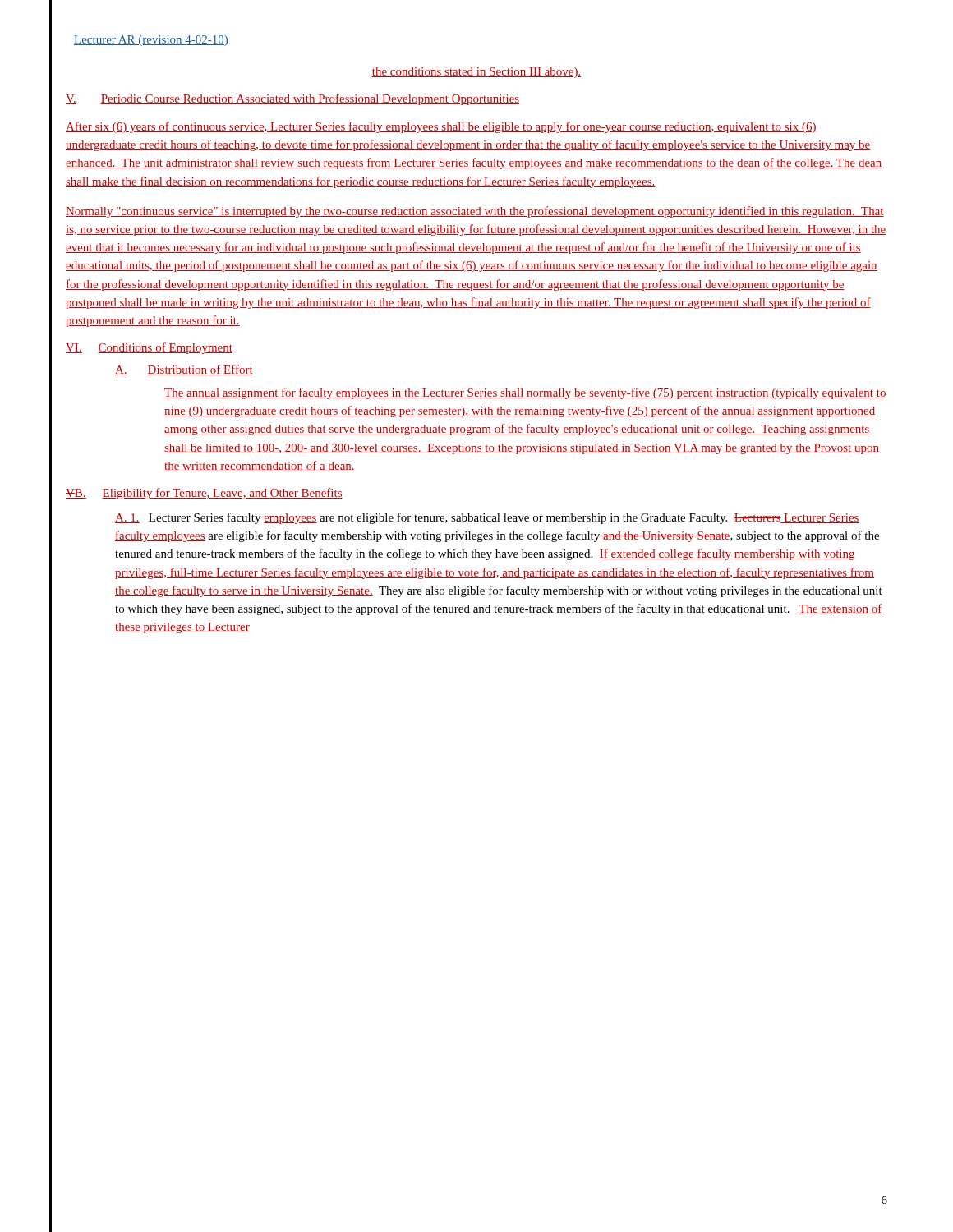
Task: Find the region starting "The annual assignment for"
Action: (525, 429)
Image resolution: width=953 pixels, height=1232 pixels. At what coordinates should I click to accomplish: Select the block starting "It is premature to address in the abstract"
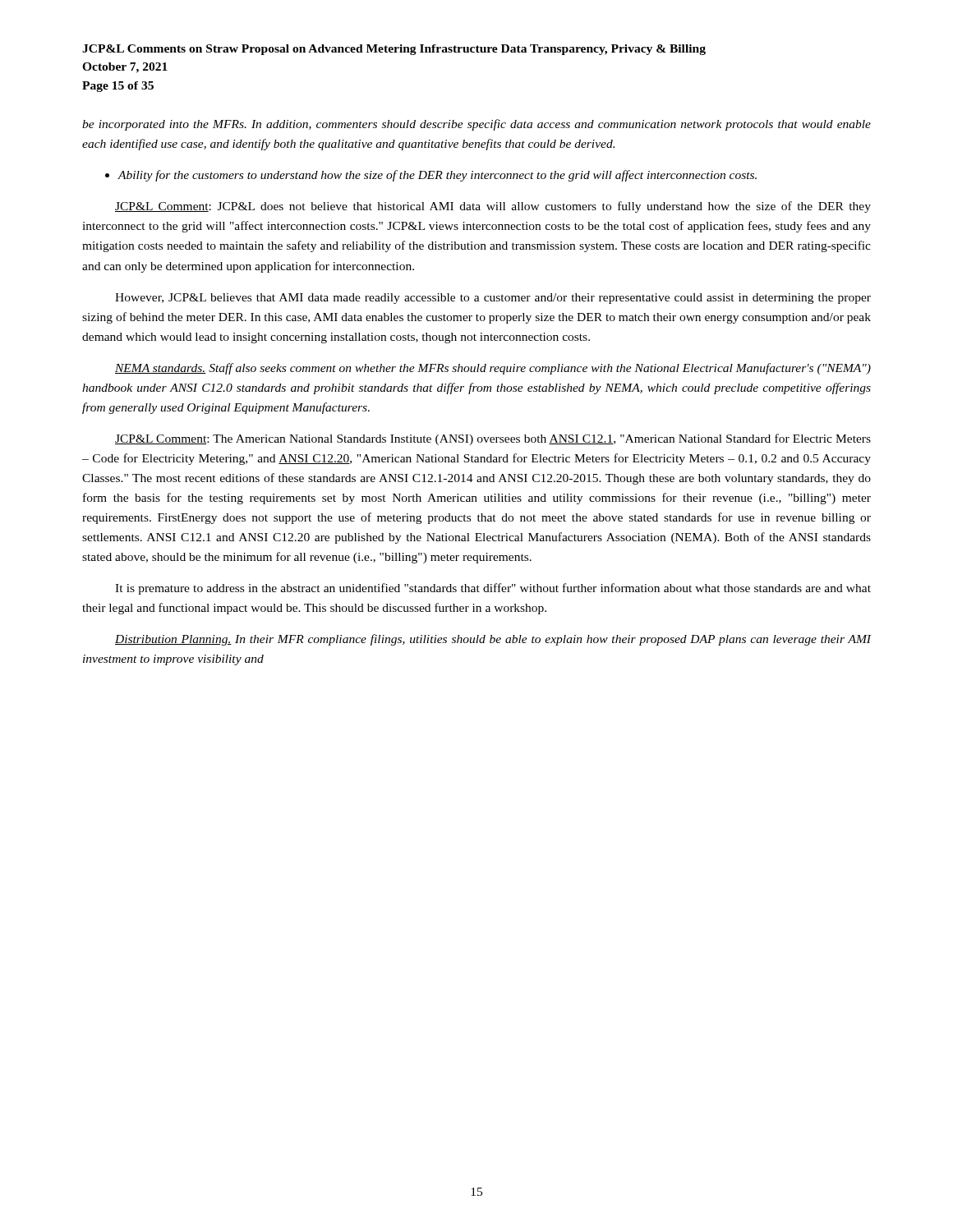pos(476,597)
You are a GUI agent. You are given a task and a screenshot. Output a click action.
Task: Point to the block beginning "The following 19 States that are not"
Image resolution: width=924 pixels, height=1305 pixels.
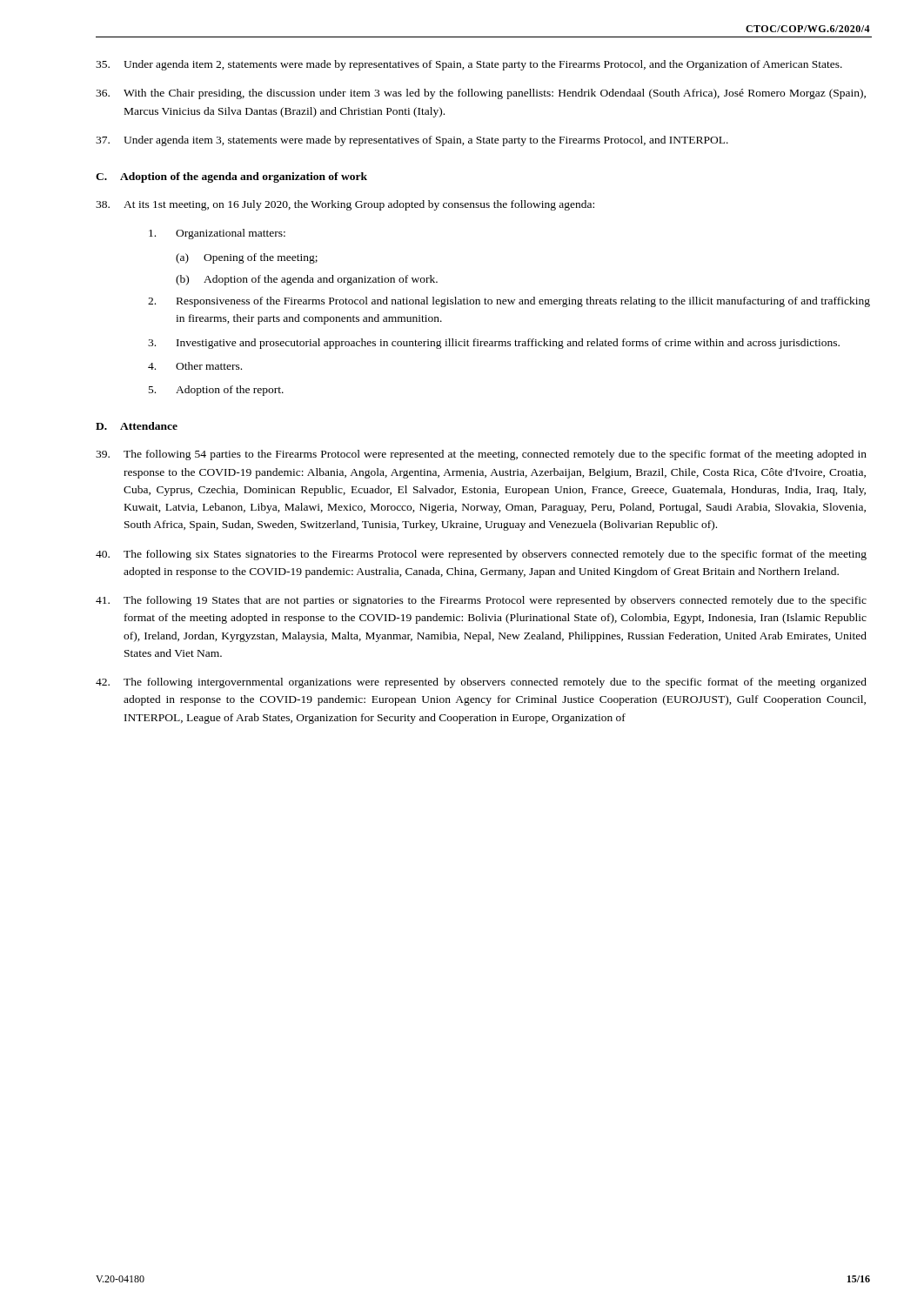click(481, 627)
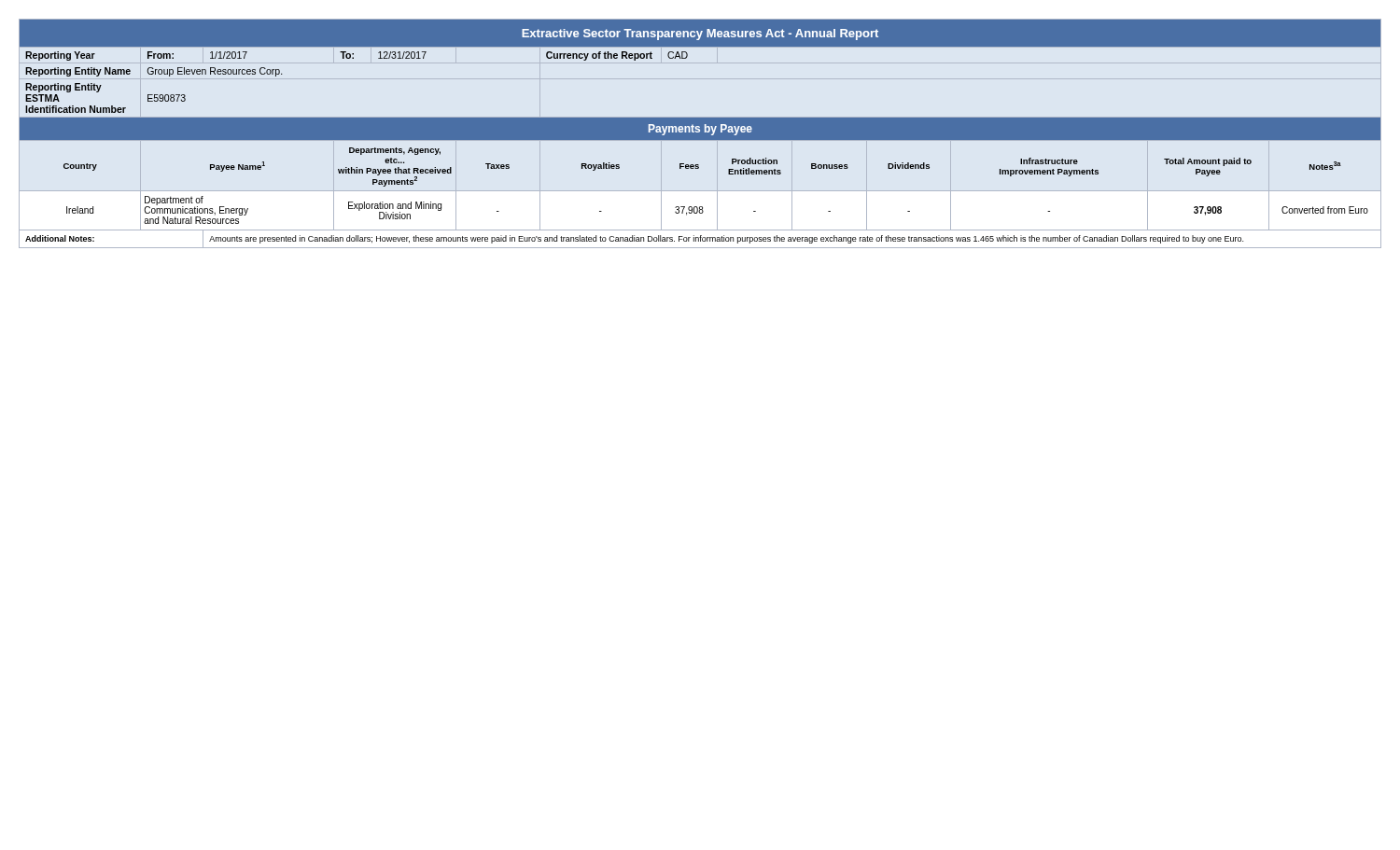Click on the title that reads "Extractive Sector Transparency Measures Act - Annual"
Screen dimensions: 850x1400
point(700,134)
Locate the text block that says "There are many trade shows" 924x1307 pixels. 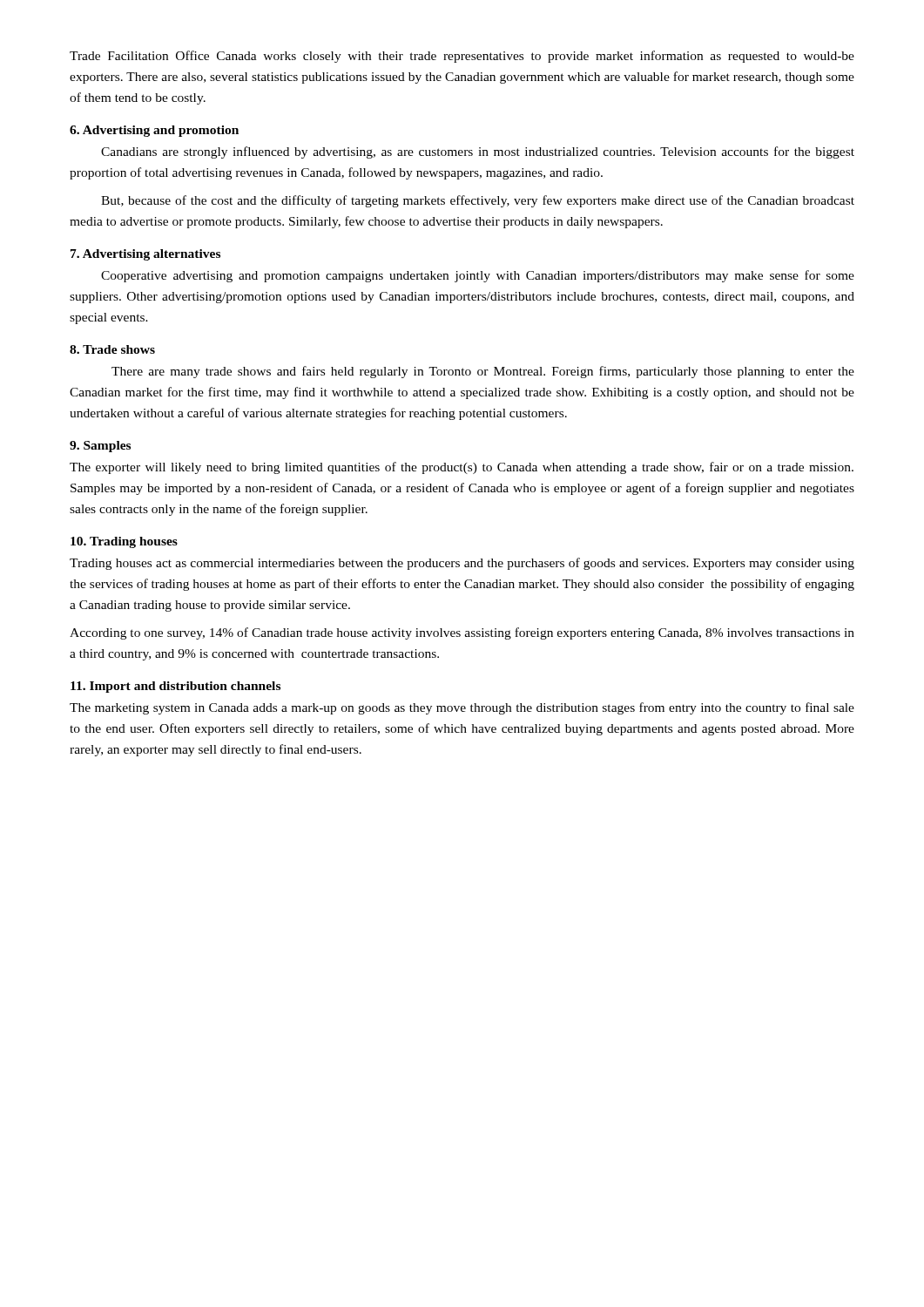click(462, 392)
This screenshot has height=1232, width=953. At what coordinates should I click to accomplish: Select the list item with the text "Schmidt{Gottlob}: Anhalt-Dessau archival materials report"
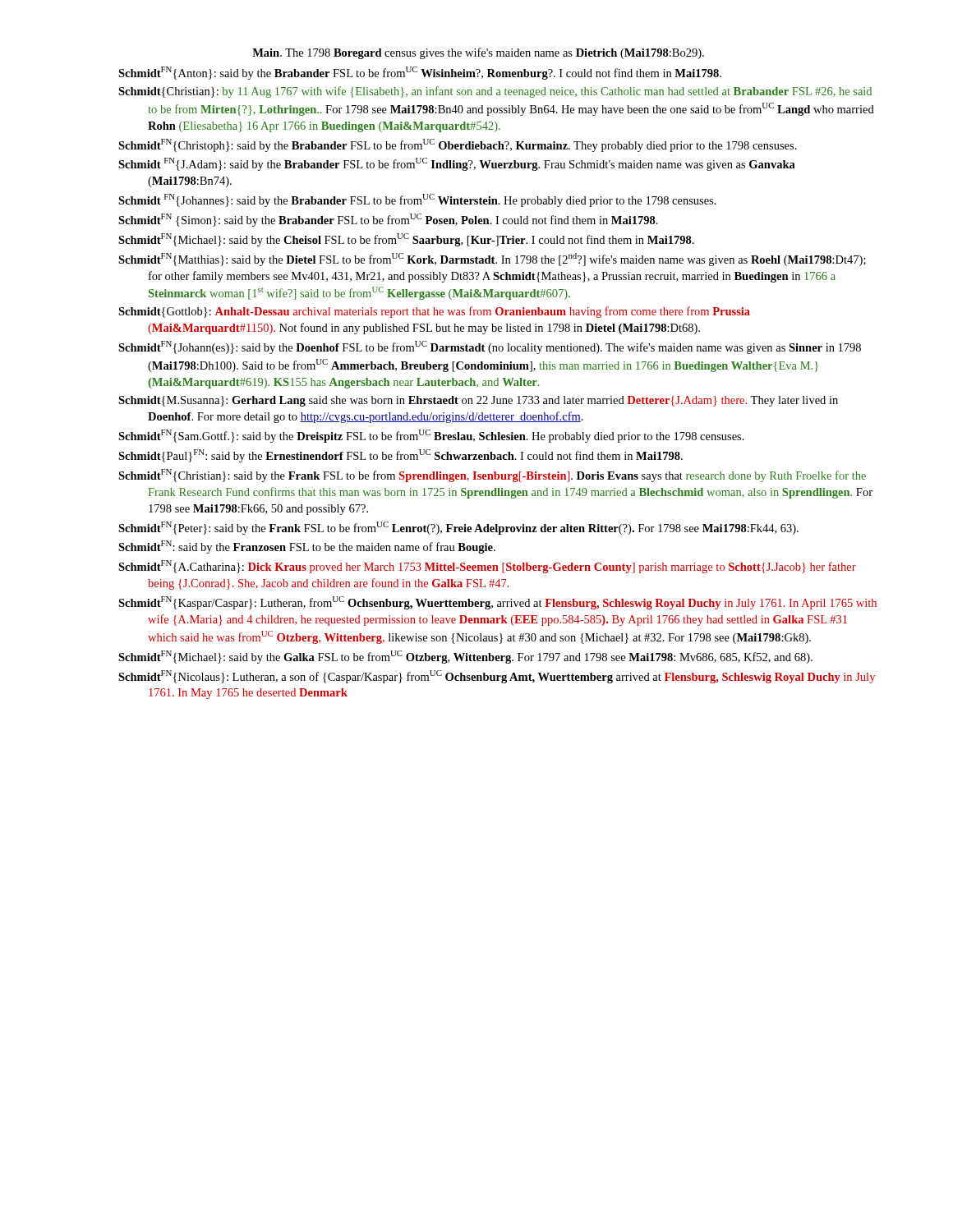click(449, 320)
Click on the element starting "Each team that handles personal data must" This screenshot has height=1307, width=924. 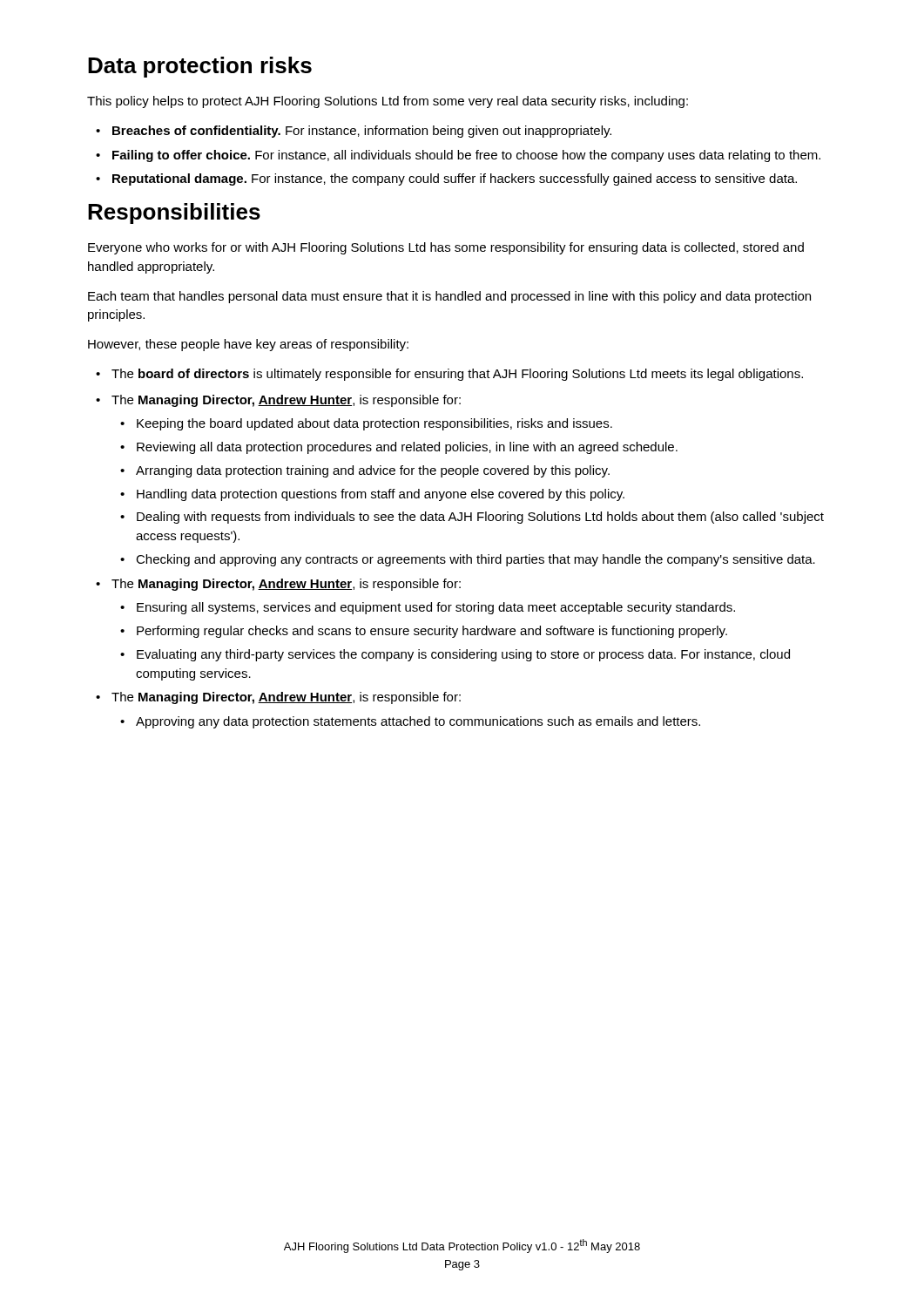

* * * * * * *

**What you have to do**: Output exactly the lines above, from the line with "Image resolution: width=953" to the line with "Task: Point to", both included; skip the pictures.

**Written reply**:
Image resolution: width=953 pixels, height=1232 pixels. At what coordinates should I click to accomplish: Select the block starting "It is premature to address in the abstract"
pos(476,597)
You are a GUI agent. You are given a task and a screenshot. Output a click action.
Task: Point to the block beginning "The following 19 States that are not"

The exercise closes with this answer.